Greenwich is a random place to live sometimes. Particularly on No Car Day. Woman in silver unitard** and matching hat attached to giant silvery-white globe helium balloon doing acrobatics anyone? The appearance of a man riding a metal elephant mounted atop an electric go-kart with a motor so weedy he needed his mate to give him a bit of a shove over a 3inch high speed bump being followed by a fat kid on a BMX*** making hooting noises every time the elephant trumpeted was pretty good, but my favourite moment was the arrival of the heavenly rapid response unit. We were sitting dozily in the sun, on the steps of the old naval college between the chapel and the painted hall, when the sound of classical music could be heard getting increasingly louder from somewhere hidden off to the right. I thought no more of this until an angel on wheels**** (not a bike, parallel wheels) whizzed along the path in front of us at a fair old clip, pausing only to do a quick 360 and to chat briefly to some tourists before speeding off on presumably holy business elsewhere, all the while blaring the aforementioned classical music from it's arse. It was one of those moments where you turn to each other and say "did you see that too?" at exactly the same time, and are deeply reassured to find out that, yes, they did, meaning that either you're both equally crazy (this is a distinct possibility) or an angel on wheels did just whizz past...

*No, I'm still having to paste spaces and a few punctuation marks in because I still haven't bought a new keyboard after my old one decided to succumb to alcoholism. As to the back to normal service bit, if you know what I mean you know what I mean and if you don't you're not meant to. Nosy sods.

**Alright, it was a leotard, but leotard isn't nearly as snigger-inducing a word as unitard.
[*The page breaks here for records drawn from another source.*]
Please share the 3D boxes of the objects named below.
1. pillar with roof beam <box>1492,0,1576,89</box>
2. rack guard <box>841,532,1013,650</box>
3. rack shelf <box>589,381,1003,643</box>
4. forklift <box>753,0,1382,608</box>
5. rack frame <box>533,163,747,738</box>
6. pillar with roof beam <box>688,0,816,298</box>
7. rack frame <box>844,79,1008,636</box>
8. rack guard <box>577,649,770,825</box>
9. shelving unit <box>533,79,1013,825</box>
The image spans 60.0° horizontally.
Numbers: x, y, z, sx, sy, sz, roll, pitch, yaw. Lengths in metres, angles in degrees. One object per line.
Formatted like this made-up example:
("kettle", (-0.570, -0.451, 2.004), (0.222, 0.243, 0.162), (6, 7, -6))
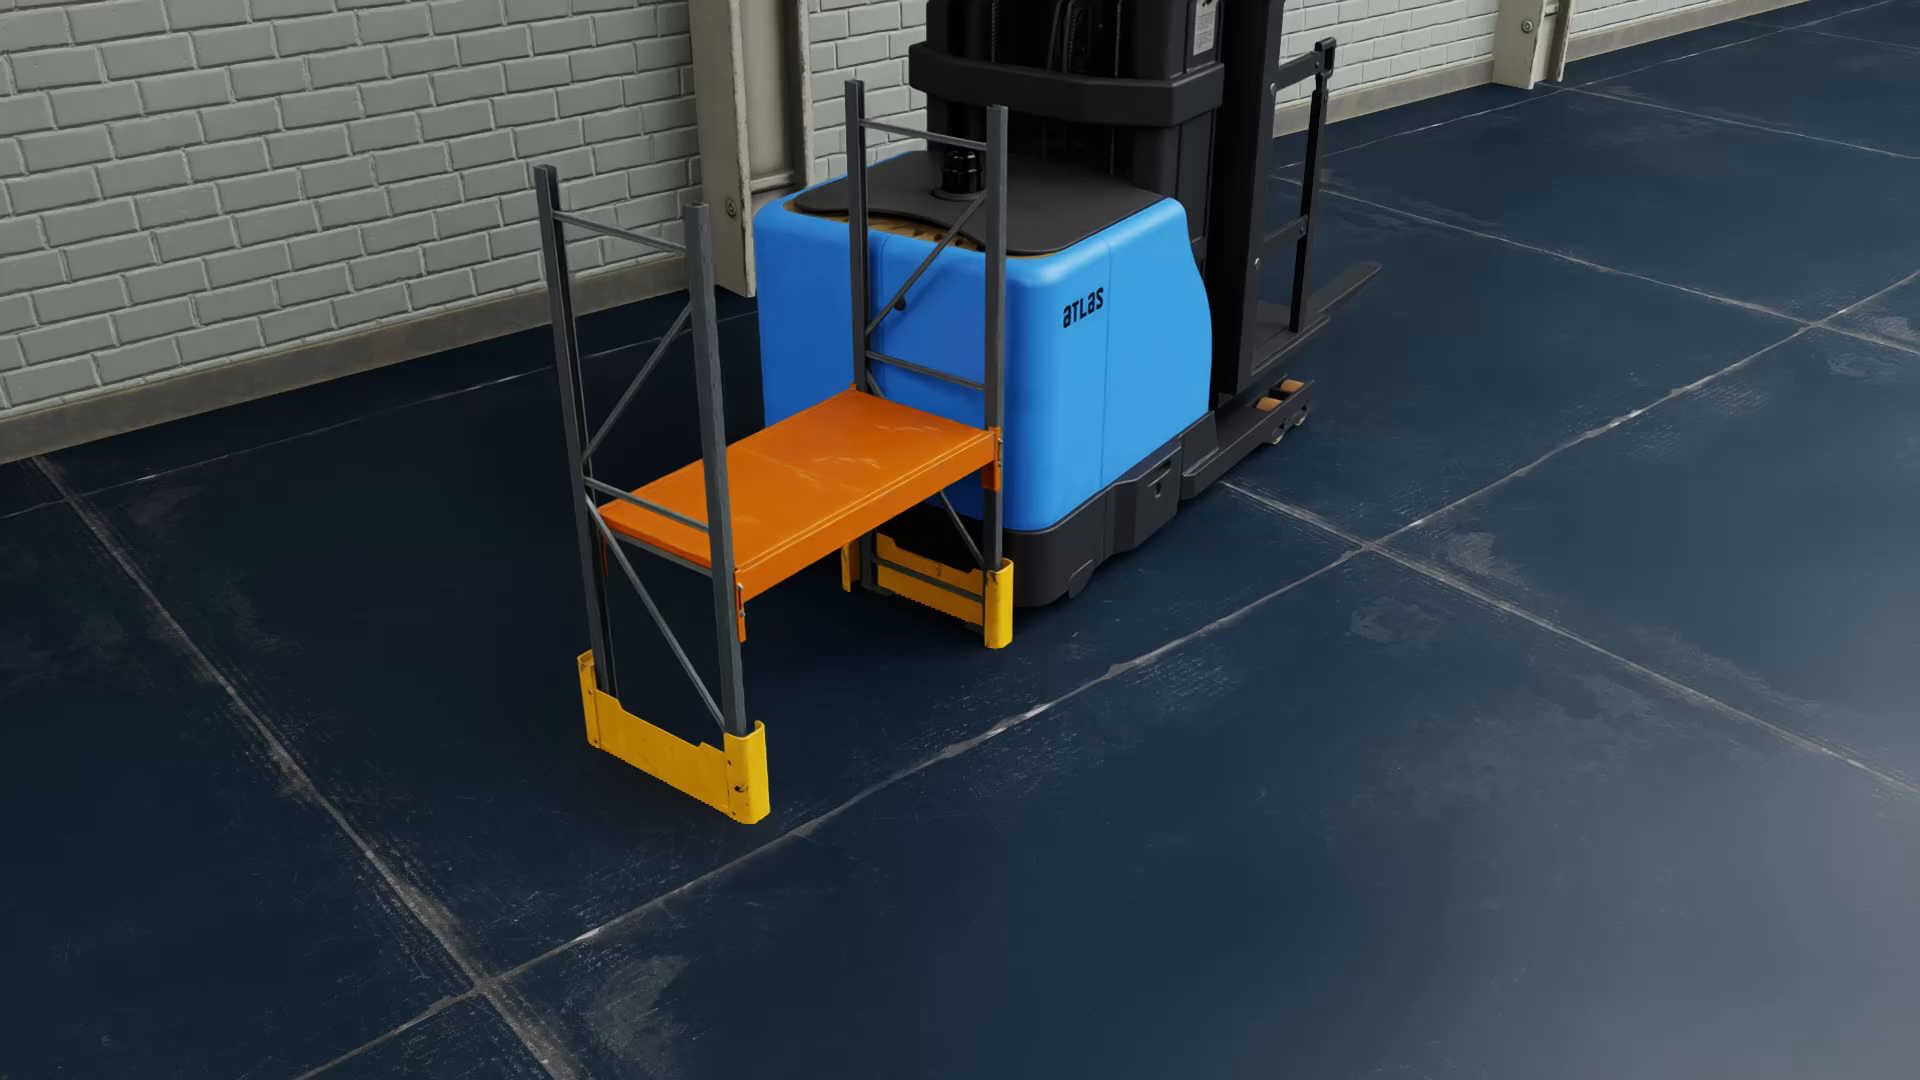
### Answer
("pillar with roof beam", (6.486, -5.427, 5.858), (0.400, 9.000, 9.100), (-22, 35, -35))
("rack guard", (-0.103, 0.104, 4.791), (0.587, 0.250, 0.087), (20, 34, 32))
("rack shelf", (-0.400, -0.106, 4.239), (0.538, 0.185, 1.000), (20, 34, 32))
("forklift", (0.632, -1.744, 5.404), (1.130, 2.935, 3.031), (18, 33, 30))
("rack frame", (-0.710, -0.075, 3.798), (0.500, 1.500, 0.032), (20, 34, 32))
("pillar with roof beam", (1.921, -3.592, 2.423), (0.400, 9.000, 9.100), (-22, 35, -35))
("rack frame", (-0.091, -0.455, 4.510), (0.500, 1.500, 0.032), (20, 34, 32))
("rack guard", (-0.709, 0.476, 4.094), (0.587, 0.250, 0.087), (20, 34, 32))
("shelving unit", (-0.406, -0.261, 4.148), (0.587, 1.500, 1.083), (20, 34, 32))
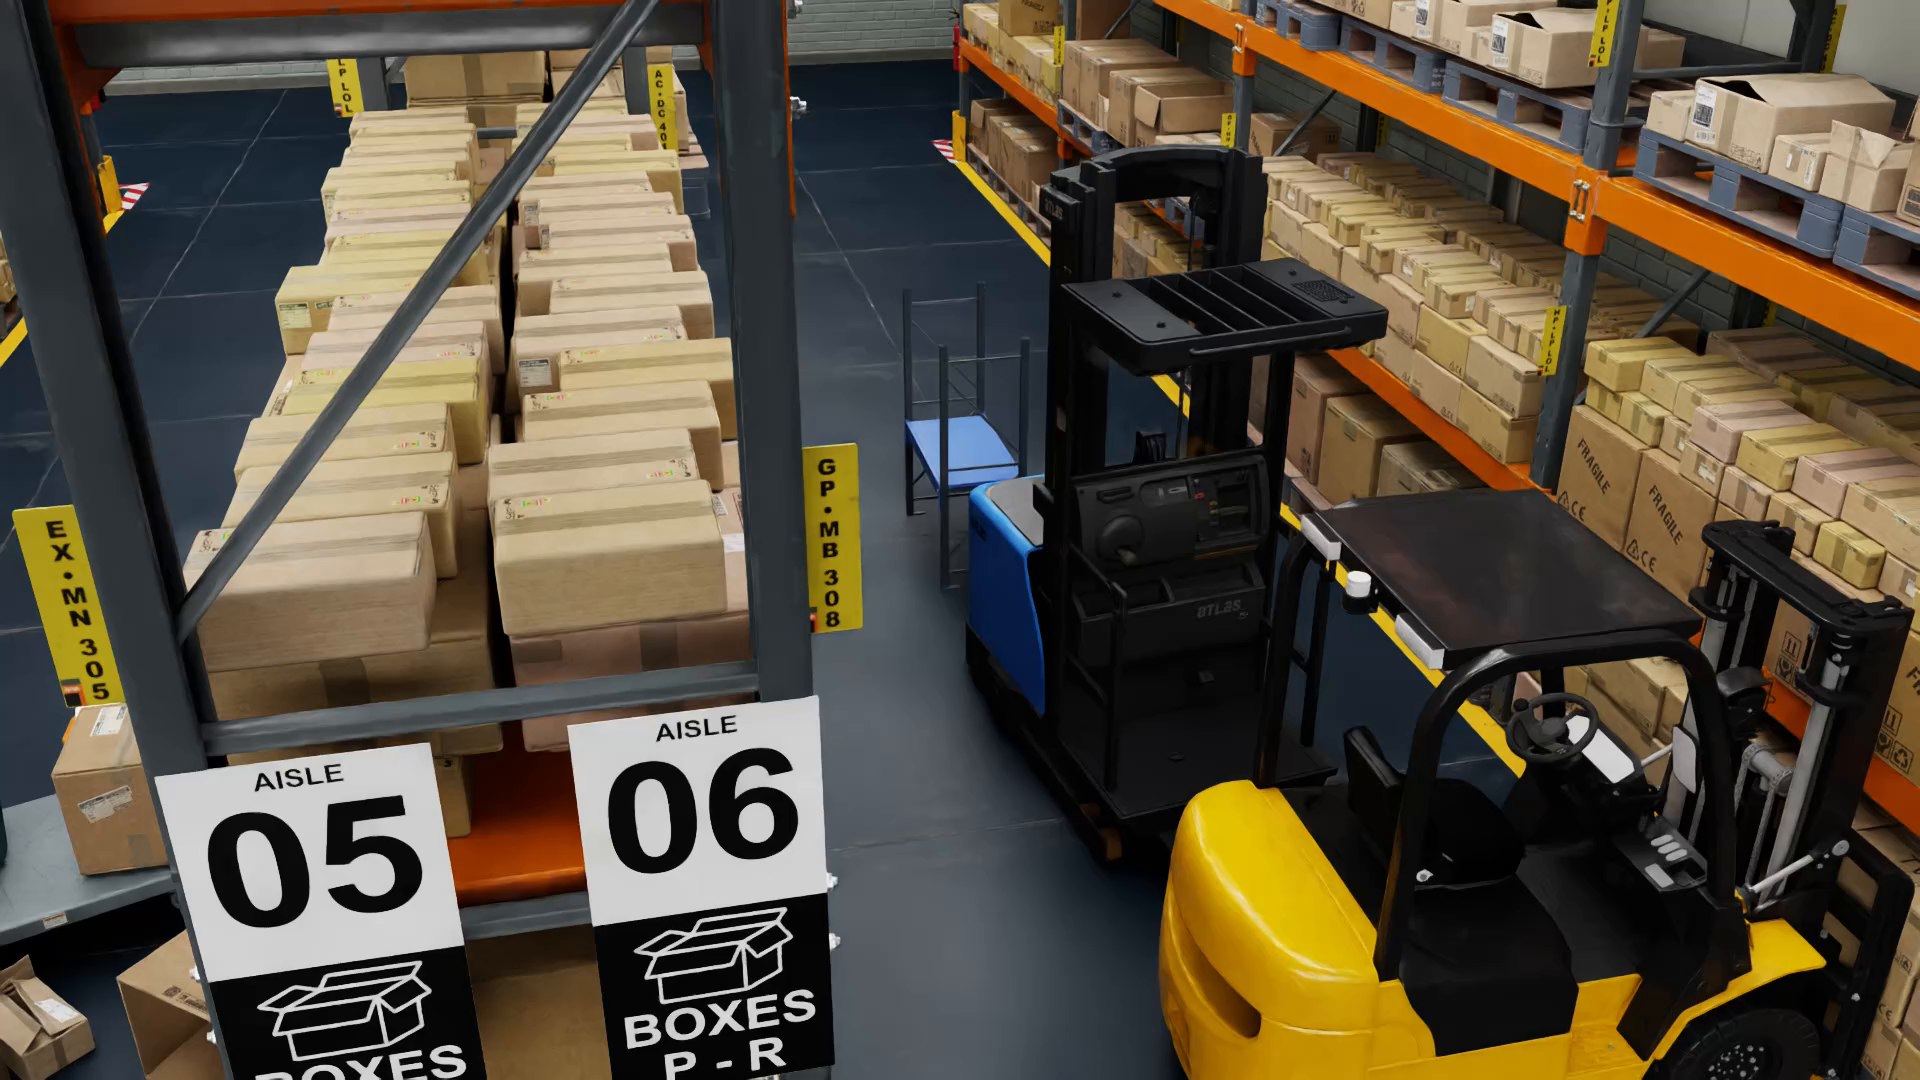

***BMXs (how do you pluralise BMX? Fucked if I know) always look too small for the person riding them, no matter how tiny they are. WhatTheFuck? The other thing to bear in mind is this was on a practically deserted backstreet.

****Not a hell's one either, but one with wings and halo and shit.

1 Comments:

At 1:27 PM, Blogger Mistress La Spliffe said...

BMXes (I don't know either) should always look too small, since the smaller the frame in relation to the rider the easier it is to manipulate when you're doing jumps or tricks or rapid turns and stuff. The undersize frame means you get a sore back after a bit but it's also awfully cool, sort of like giving pretty drunk girls piggy back rides.